*ABOUT THIS EXERCISE*. What you return should be the lines from the first line of the records below through the line holding "- Cheez-It box", unchanged.
SOURCE MATERIAL section start
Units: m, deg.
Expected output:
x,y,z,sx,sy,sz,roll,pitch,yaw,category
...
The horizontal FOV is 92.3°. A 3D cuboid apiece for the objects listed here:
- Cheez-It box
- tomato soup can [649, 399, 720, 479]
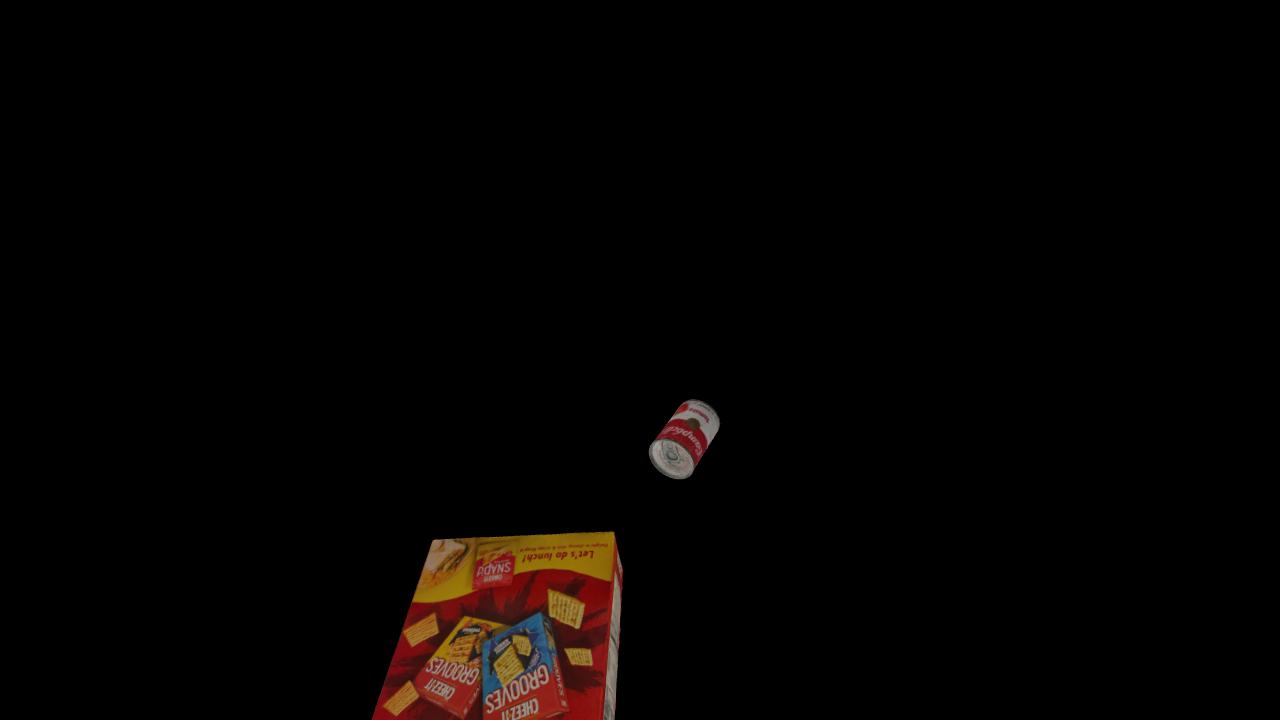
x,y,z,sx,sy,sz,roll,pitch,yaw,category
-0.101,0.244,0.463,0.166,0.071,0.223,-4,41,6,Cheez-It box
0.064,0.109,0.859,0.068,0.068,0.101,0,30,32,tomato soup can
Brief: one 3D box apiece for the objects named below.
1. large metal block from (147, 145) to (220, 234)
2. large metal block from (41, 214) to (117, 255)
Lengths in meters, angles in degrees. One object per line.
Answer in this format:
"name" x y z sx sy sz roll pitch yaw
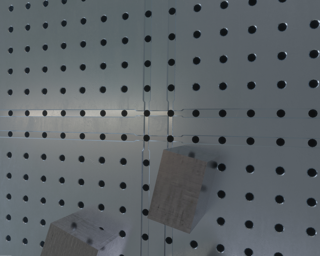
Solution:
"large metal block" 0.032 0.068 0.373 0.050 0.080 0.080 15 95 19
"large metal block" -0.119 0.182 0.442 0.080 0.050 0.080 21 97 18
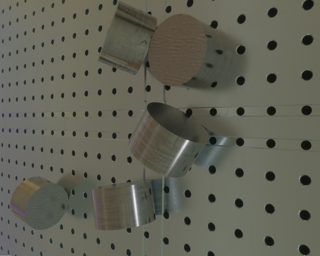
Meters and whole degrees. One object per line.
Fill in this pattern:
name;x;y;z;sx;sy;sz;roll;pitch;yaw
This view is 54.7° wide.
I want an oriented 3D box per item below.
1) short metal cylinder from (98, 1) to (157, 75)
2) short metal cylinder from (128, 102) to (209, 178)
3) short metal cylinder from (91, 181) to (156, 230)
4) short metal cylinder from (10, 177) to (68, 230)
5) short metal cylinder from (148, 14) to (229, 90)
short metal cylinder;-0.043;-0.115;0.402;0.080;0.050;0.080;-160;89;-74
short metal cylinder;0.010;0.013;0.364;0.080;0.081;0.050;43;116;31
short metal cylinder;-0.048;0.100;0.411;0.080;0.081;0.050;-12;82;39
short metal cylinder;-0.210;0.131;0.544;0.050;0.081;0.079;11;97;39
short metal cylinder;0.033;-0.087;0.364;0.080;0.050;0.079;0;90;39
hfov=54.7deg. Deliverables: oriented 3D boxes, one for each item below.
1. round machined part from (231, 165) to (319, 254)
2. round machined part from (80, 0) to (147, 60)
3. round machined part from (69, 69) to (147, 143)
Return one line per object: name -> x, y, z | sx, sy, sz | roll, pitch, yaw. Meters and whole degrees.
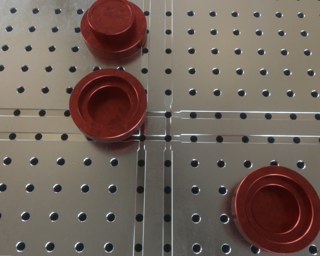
SOURCE MATERIAL section end
*FINISHED TASK*.
Units: m, deg.
Expected output:
x,y,z,sx,sy,sz,roll,pitch,yaw,category
...
The horizontal FOV is 92.3°. A 3D cuboid apiece for the objects listed here:
- Cheez-It box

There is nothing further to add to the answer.